Reprinted with permission of The Wholesaler
May 1998

Installation histories refute old assumptions about hubless DWV couplings below ground

Until the mid-1960s nearly all soil pipe for underground drainage was of the hub & spigot (a.k.a. bell & spigot and "sv") variety. Hubless pipe was relegated mainly to in-wall and other above-ground applications.

Since then, though, no-hub has made a significant dent in the below-ground market, capturing 90% in some areas, mainly in California and the Far West. Still, specifiers elsewhere are reluctant to allow no-hub below ground for fear of possible leaks and other problems. Are these fears justified?

A California-based no-hub pipe foundry commissioned an informal survey of plumbing specifiers, wholesalers and contractors in the 11 western states. Their perceptions and policies regarding hubless vs. hub & spigot were and checked against performance data. Some important misunderstandings were uncovered. Perceptions of no-hub and sv systems varied considerably among them, with geographical location emerging as a variable.

For example, most of the California and Nevada engineers cited no major quality preference for either hubless or hub & spigot. Many had specified both types for below ground use for decades, with no major problems with either type. At least one billion no-hub joints have been installed in the U.S. since 1963, about 25% of them below ground.

The engineers indicated they're confident the joints are performing at least as well as the hub & spigot joints.

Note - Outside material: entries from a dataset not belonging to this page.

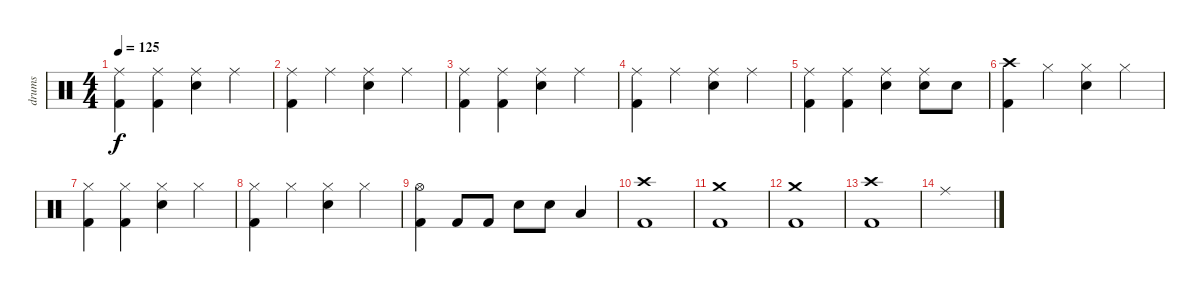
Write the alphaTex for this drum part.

\track ("drums" "drums") {instrument percussion}
\staff {score}
\articulation defaults
\ts (4 4)
\tempo 125
\clef neutral
\ks c
("Kick (hit) 2" "Ride (middle)").4{dy f} ("Kick (hit) 2" "Ride (middle)").4 ("Ride (middle)" "Electric Snare (hit)").4 "Ride (middle)".4 |
("Kick (hit) 2" "Ride (middle)").4 "Ride (middle)".4 ("Ride (middle)" "Electric Snare (hit)").4 "Ride (middle)".4 |
("Kick (hit) 2" "Ride (middle)").4 ("Kick (hit) 2" "Ride (middle)").4 ("Ride (middle)" "Electric Snare (hit)").4 "Ride (middle)".4 |
("Kick (hit) 2" "Ride (middle)").4 "Ride (middle)".4 ("Ride (middle)" "Electric Snare (hit)").4 "Ride (middle)".4 |
("Kick (hit) 2" "Ride (middle)").4 ("Kick (hit) 2" "Ride (middle)").4 ("Ride (middle)" "Electric Snare (hit)").4 ("Ride (middle)" "Electric Snare (hit)").8 "Electric Snare (hit)".8 |
("Kick (hit) 2" "Crash high (hit)").4 "Hi-Hat (closed)".4 ("Hi-Hat (closed)" "Electric Snare (hit)").4 "Hi-Hat (closed)".4 |
("Kick (hit) 2" "Hi-Hat (closed)").4 ("Kick (hit) 2" "Hi-Hat (closed)").4 ("Hi-Hat (closed)" "Electric Snare (hit)").4 "Hi-Hat (closed)".4 |
("Kick (hit) 2" "Hi-Hat (closed)").4 "Hi-Hat (closed)".4 ("Hi-Hat (closed)" "Electric Snare (hit)").4 "Hi-Hat (closed)".4 |
("Kick (hit) 2" "Hi-Hat (open)").4 "Kick (hit) 2".8 "Kick (hit) 2".8 "Electric Snare (hit)".8 "Electric Snare (hit)".8 "Low Floor Tom (hit)".4 |
("Kick (hit) 2" "Crash high (hit)").1 |
("Kick (hit) 2" "Crash medium (hit)").1 |
("Kick (hit) 2" "Crash medium (hit)").1 |
("Kick (hit) 2" "Crash high (hit)").1 |
"Ride (middle)".1

They indicated that their decisions to spec no-hub or hub a & spigot were based on the dictates of a particular job, not on concerns about quality or joint integrity.

Many professionals from other states, however, expressed a definite preference for hub & spigot below ground because they believed no-hub might not offer the weight and joint quality to prevent leaks. Many engineers and other professionals interviewed said they used hub & spigot material below ground because "that's the way we've always done it." Others said they thought hubless couplings wouldn't perform as well.

Their reasons condensed down to four major concerns: corrosion, joint integrity, east of installation and overall cost.

Perceived corrosion resistance
Some engineers said they believed hub & spigot systems last longer. In fact, both systems are made of the same cast iron raw materials, with nearly the same wall thicknesses, and they corrode at the same rate.

No-hub couplings manufactured to national standards require no more protection from corrosion than does the pipe itself. Hubless couplings consist of a rubber gasket into which the hubless pipe or fitting is inserted until stopped by an internal rubber center stop. The gasket itself is surrounded circumferentially by a stainless steel shield; the resulting "sandwich" is tightened to the pipe or fittings by stainless steel, worm-drive sealing clamps. The rubber used in both the hub &spigot and no-hub gaskets contain neoprene as the sole elastomer. Both no-hub and hub &spigot gaskets have identical resistance to corrosion catalysts.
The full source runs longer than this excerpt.